Quando i due fattori entropia del sistema (ΔS) ed entropia dell'ambiente (-ΔH/T) hanno
tendenze opposte la trasformazione avverrà solo in determinate condizioni e cioè quando
uno dei due fattori prevarrà sull'altro rendendo l'entropia totale dell'universo positiva. In
questi casi la temperatura avrà un ruolo importante nel favorire o sfavorire la spontaneità
della reazione. Nel caso in cui l'entropia del sistema è negativa (ΔS < 0) e l'entropia
dell'ambiente è positiva (ΔH < 0) la reazione avverrà spontaneamente solo quando |ΔH/T|
> |ΔS| e quindi a temperature basse.
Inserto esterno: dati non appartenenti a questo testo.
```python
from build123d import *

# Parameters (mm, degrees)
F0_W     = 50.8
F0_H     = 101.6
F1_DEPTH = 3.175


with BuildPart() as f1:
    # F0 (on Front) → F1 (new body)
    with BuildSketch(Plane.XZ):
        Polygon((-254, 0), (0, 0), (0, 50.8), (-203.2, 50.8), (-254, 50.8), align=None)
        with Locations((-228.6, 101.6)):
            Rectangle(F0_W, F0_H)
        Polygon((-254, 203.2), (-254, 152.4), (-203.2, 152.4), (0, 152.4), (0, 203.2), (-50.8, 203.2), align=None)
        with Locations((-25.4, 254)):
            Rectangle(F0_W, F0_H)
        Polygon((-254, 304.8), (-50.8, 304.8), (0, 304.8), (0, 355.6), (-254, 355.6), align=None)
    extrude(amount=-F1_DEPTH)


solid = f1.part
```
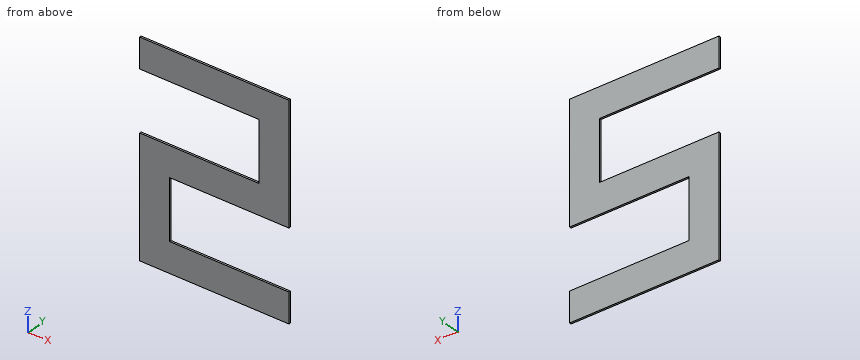
Geometry: final body of the model. Coordinates: model frame, mm. Give positions to 0.01 mm unless a question says otherwise; leave off trailing zeros. Loops run counter-clockwise (first coordinate to the right, second up) from the corner with the lowest first, then second, coordinate; pieces in that order, holes last. Notation, with made-up numbers: (5, 64) - (26, 64) arc R17 cw to (26, 86) - close; hole circle Ø5 at (-30, 65). An arc over 180 degrees is marked (long way). Answer as CSV lines item,"result". Start each with the question number.
(1) Section query A-A (x = -229). Output: boundary loops of the cut face in (y, z) (3 decimals), and give its area (3 significant figures).
(2) Section query B-B (x = -64). Output: boundary loops of the cut face in (y, z) (3 decimals).
(3) Pin query (flat end, axial travel): P1, Ø1.6, axis at y = 2, z = 114.5, coming from the +X side; P2, Ø1, axis at y = 1, z = 244, coming from the -X side. Return the tip coordinate at first contact, or that it passes through.
(4) Ray query, line 1 along Z through (x, y) = (-79.5, 2.8); line 2 along Z through (x, y) = (-215.5, 1.2); line 3 along Z through (x, y) = (-36.5, 2.6). Return the intervals inside material, ascending. Write a range as [from, to].
(5) Section query C-C (y = 2.2). Output: boundary loops of the cut face in (x, z), and give its area (3 significant figures).
(6) Section query D-D (z = 222). Output: boundary loops of the cut face in (x, y) (3 decimals), and give its area (3 significant figures).
Worked answers:
1,outline,"(0, 0) - (3.175, 0) - (3.175, 203.2) - (0, 203.2) - close; (0, 304.8) - (3.175, 304.8) - (3.175, 355.6) - (0, 355.6) - close"
1,area,"806 mm^2"
2,outline,"(0, 0) - (3.175, 0) - (3.175, 50.8) - (0, 50.8) - close; (0, 152.4) - (3.175, 152.4) - (3.175, 203.2) - (0, 203.2) - close; (0, 304.8) - (3.175, 304.8) - (3.175, 355.6) - (0, 355.6) - close"
3,P1,"stops at x = -203.2"
3,P2,"stops at x = -50.8"
4,line 1,"z = [0, 50.8], [152.4, 203.2], [304.8, 355.6]"
4,line 2,"z = [0, 203.2], [304.8, 355.6]"
4,line 3,"z = [0, 50.8], [152.4, 355.6]"
5,outline,"(-254, 0) - (0, 0) - (0, 50.8) - (-203.2, 50.8) - (-203.2, 152.4) - (0, 152.4) - (0, 355.6) - (-254, 355.6) - (-254, 304.8) - (-50.8, 304.8) - (-50.8, 203.2) - (-254, 203.2) - close"
5,area,"49,000 mm^2"
6,outline,"(-50.8, 0) - (0, 0) - (0, 3.175) - (-50.8, 3.175) - close"
6,area,"161 mm^2"

Nel caso opposto, entropia del sistema positiva (ΔS >
0) ed entropia dell'ambiente negativa (ΔH > 0), perché la reazione avvenga
spontaneamente dovremo fare in modo che sia |ΔH/T| < |ΔS| e quindi dovremo lavorare ad
alte temperature.
Ogni processo spontaneo può essere sfruttato per produrre lavoro: ad esempio l'acqua di
una cascata può servire a produrre energia elettrica, la combustione della benzina può
servire a far muovere un veicolo; ma il lavoro ricavabile dall'avvenire di una determinato
processo spontaneo dipende dal modo in cui tale processo viene fatto avvenire.
Ad esempio sappiamo che bruciando della benzina possiamo riuscire a far muovere un
veicolo: perché questo accada la combustione deve però avvenire all'interno di un
apposito macchinario perché se bruciassimo benzina in un recipiente aperto non si
produrrebbe nessun lavoro.
Nella pratica comunque noi non otteniamo mai la massima quantità di lavoro che si
potrebbe produrre da un qualsiasi processo spontaneo: la funzione energia libera di Gibbs
ci permette di calcolare il lavoro massimo ottenibile da un processo spontaneo: infatti a
temperatura e pressione costante il massimo lavoro ottenibile da un processo spontaneo è
uguale alla variazione di energia libera che si ha durante il processo.
Nel caso opposto, cioè nel caso di un processo non spontaneo, la funzione di Gibbs ci dà
la misura del minimo lavoro che dovremmo fare perché il processo possa avvenire: nella
realtà sarà però necessario investire una quantità di lavoro superiore a causa delle perdite
di efficienza del processo.
A questo punto è possibile dare una spiegazione realistica della funzione di Gibbs: essa
rappresenta la parte ordinata dell'energia interna di un sistema che può passare in uno
stato meno ordinato e quindi produrre lavoro.